> [EXERCISE OBJECTIVE]: Retyping the entries exactly is all that is required.

> [DATA TO PROCESS]:
---+---

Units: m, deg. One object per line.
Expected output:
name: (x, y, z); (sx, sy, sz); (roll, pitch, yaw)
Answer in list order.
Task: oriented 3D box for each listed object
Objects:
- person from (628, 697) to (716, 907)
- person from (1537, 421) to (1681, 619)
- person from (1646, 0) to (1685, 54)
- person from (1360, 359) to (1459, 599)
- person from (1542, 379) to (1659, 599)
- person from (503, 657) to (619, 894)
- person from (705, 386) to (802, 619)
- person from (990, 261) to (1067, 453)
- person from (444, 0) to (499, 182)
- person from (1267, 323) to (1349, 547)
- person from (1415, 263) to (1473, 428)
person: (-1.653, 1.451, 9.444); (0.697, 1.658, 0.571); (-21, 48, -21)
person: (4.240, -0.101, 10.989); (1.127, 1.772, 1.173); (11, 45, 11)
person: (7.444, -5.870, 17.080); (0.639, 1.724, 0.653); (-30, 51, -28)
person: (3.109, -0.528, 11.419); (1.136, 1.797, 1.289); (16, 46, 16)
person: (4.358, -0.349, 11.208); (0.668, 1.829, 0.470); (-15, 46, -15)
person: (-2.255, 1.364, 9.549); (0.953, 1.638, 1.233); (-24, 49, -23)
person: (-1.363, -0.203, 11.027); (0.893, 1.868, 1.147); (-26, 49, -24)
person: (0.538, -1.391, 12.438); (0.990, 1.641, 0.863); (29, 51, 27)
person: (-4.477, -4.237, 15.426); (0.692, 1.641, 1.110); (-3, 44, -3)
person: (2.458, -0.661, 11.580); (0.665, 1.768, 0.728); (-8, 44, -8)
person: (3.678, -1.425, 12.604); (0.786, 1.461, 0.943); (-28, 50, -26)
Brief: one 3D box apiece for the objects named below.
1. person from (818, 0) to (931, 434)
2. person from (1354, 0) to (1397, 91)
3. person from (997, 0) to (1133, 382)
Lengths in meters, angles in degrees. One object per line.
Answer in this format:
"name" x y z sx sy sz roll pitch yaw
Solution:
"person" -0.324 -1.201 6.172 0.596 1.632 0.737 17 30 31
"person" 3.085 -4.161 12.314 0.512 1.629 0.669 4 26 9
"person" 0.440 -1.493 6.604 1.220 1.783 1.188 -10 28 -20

---+---

> [ANSWER BELOW]:
Units: m, deg. One object per line.
Expected output:
name: (x, y, z); (sx, sy, sz); (roll, pitch, yaw)
Answer in list order.
Task: oriented 3D box for each listed object
Objects:
- person from (628, 697) to (716, 907)
- person from (1537, 421) to (1681, 619)
- person from (1646, 0) to (1685, 54)
- person from (1360, 359) to (1459, 599)
- person from (1542, 379) to (1659, 599)
- person from (503, 657) to (619, 894)
- person from (705, 386) to (802, 619)
- person from (990, 261) to (1067, 453)
- person from (444, 0) to (499, 182)
- person from (1267, 323) to (1349, 547)
- person from (1415, 263) to (1473, 428)
person: (-1.653, 1.451, 9.444); (0.697, 1.658, 0.571); (-21, 48, -21)
person: (4.240, -0.101, 10.989); (1.127, 1.772, 1.173); (11, 45, 11)
person: (7.444, -5.870, 17.080); (0.639, 1.724, 0.653); (-30, 51, -28)
person: (3.109, -0.528, 11.419); (1.136, 1.797, 1.289); (16, 46, 16)
person: (4.358, -0.349, 11.208); (0.668, 1.829, 0.470); (-15, 46, -15)
person: (-2.255, 1.364, 9.549); (0.953, 1.638, 1.233); (-24, 49, -23)
person: (-1.363, -0.203, 11.027); (0.893, 1.868, 1.147); (-26, 49, -24)
person: (0.538, -1.391, 12.438); (0.990, 1.641, 0.863); (29, 51, 27)
person: (-4.477, -4.237, 15.426); (0.692, 1.641, 1.110); (-3, 44, -3)
person: (2.458, -0.661, 11.580); (0.665, 1.768, 0.728); (-8, 44, -8)
person: (3.678, -1.425, 12.604); (0.786, 1.461, 0.943); (-28, 50, -26)
Brief: one 3D box apiece for the objects named below.
1. person from (818, 0) to (931, 434)
2. person from (1354, 0) to (1397, 91)
3. person from (997, 0) to (1133, 382)
Lengths in meters, angles in degrees. One object per line.
Answer in this format:
"name" x y z sx sy sz roll pitch yaw
Solution:
"person" -0.324 -1.201 6.172 0.596 1.632 0.737 17 30 31
"person" 3.085 -4.161 12.314 0.512 1.629 0.669 4 26 9
"person" 0.440 -1.493 6.604 1.220 1.783 1.188 -10 28 -20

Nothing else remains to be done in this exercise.